- [EXERCISE BRIEF]: Nothing but the pictures may be dropped; the rest of the listing is to be written out exactly.

^^^^

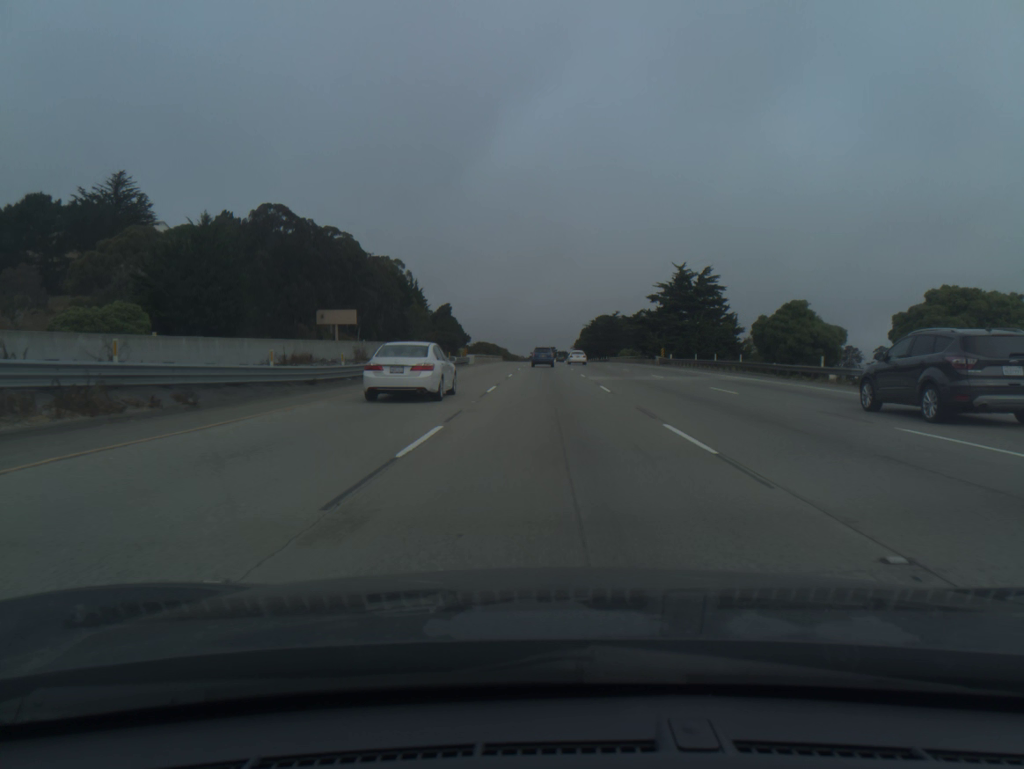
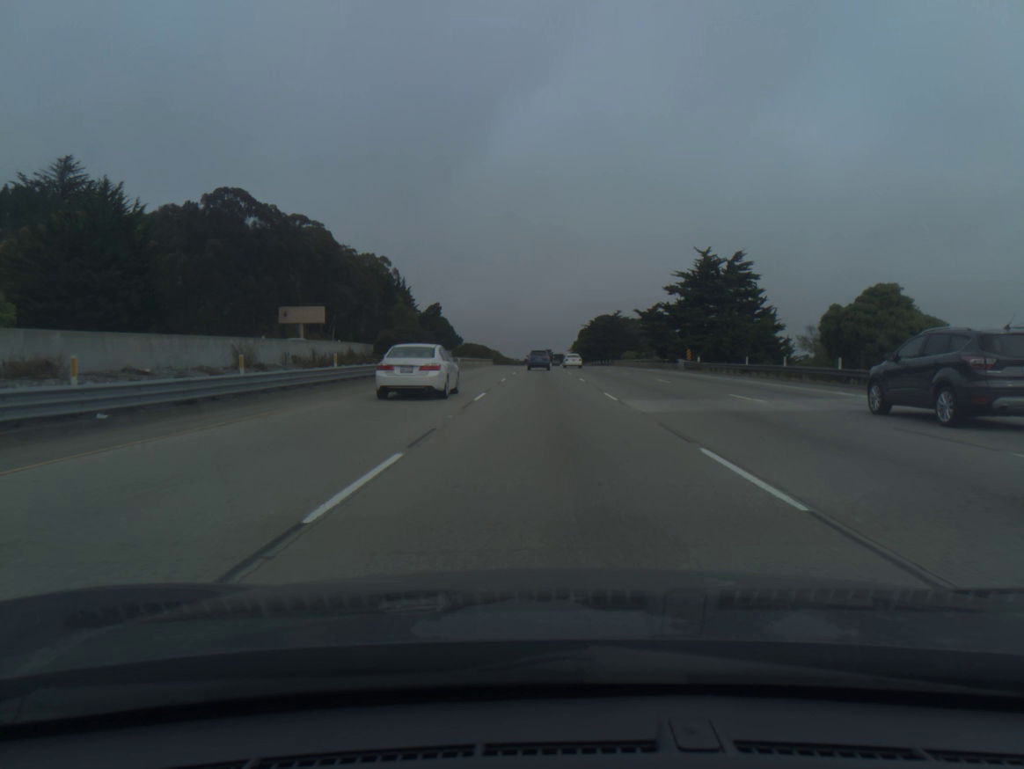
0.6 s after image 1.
(0.0, +17.8) m; 0°
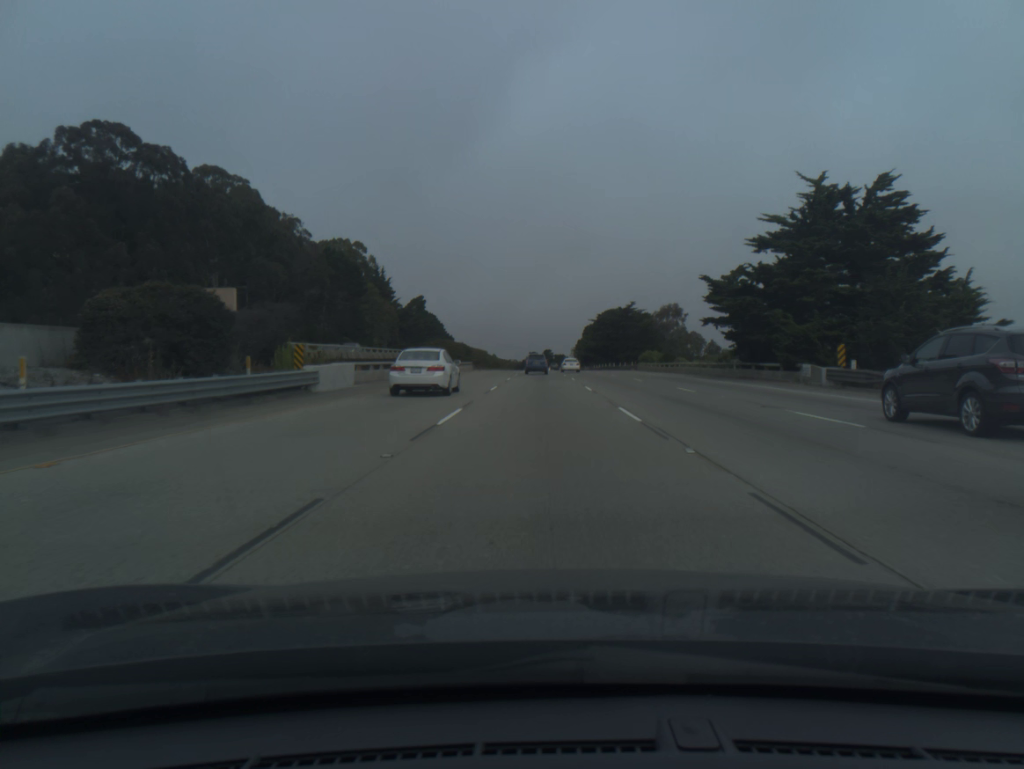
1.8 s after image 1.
(+0.1, +35.5) m; 0°
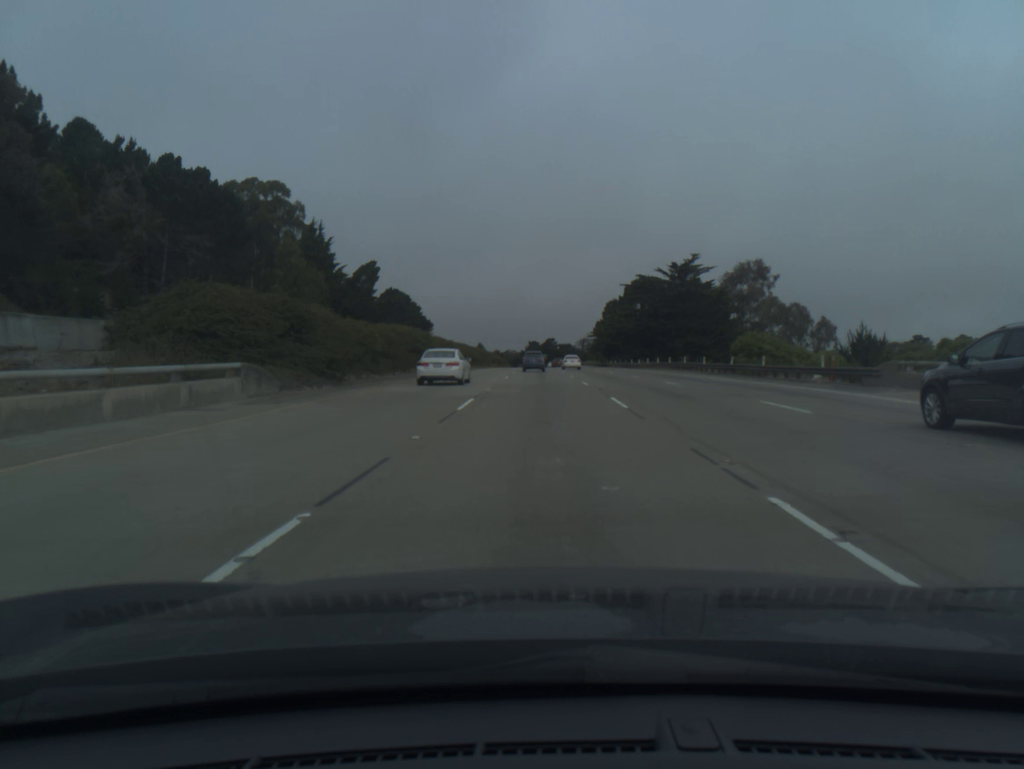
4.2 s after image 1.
(-0.1, +70.7) m; 0°
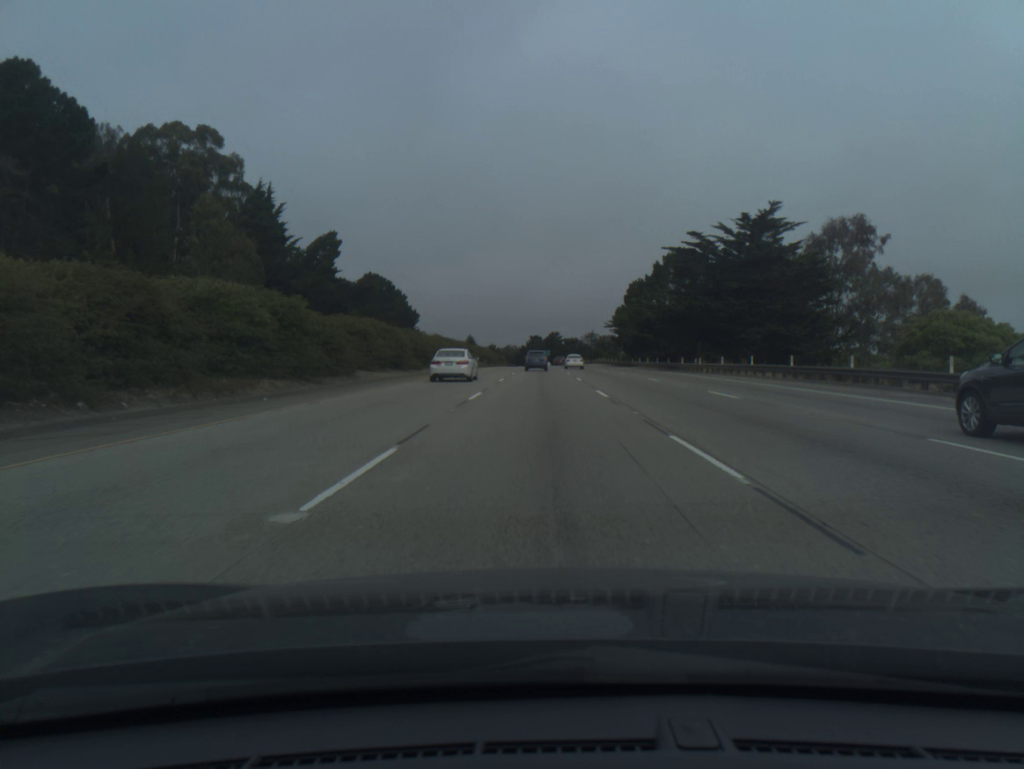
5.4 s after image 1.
(0.0, +35.4) m; 0°
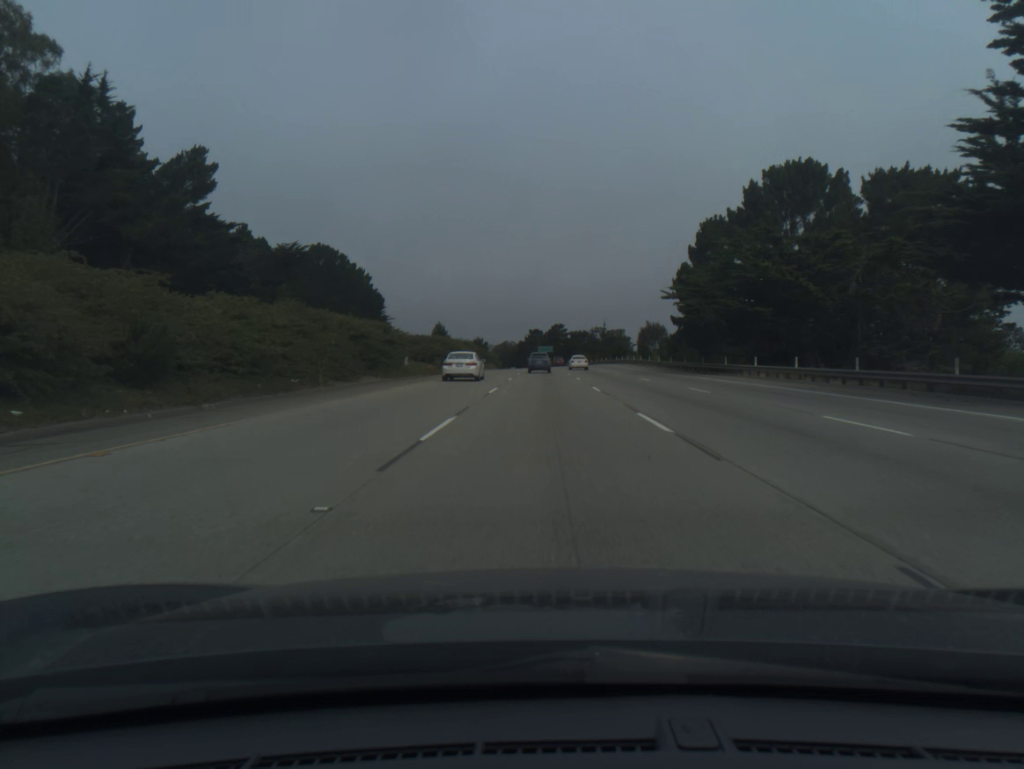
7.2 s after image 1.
(-0.1, +53.3) m; 0°
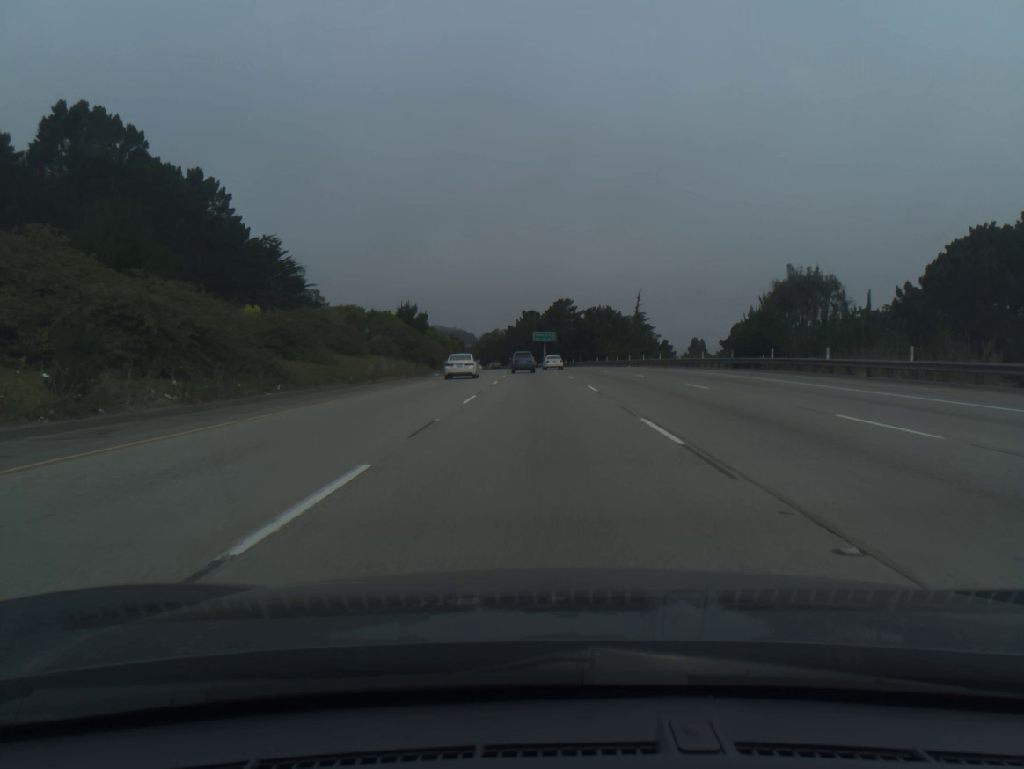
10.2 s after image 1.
(+0.3, +89.2) m; 0°

^^^^

- [ANSWER SECTION]:
0.6 s after image 1.
(0.0, +17.8) m; 0°
1.8 s after image 1.
(+0.1, +35.5) m; 0°
4.2 s after image 1.
(-0.1, +70.7) m; 0°
5.4 s after image 1.
(0.0, +35.4) m; 0°
7.2 s after image 1.
(-0.1, +53.3) m; 0°
10.2 s after image 1.
(+0.3, +89.2) m; 0°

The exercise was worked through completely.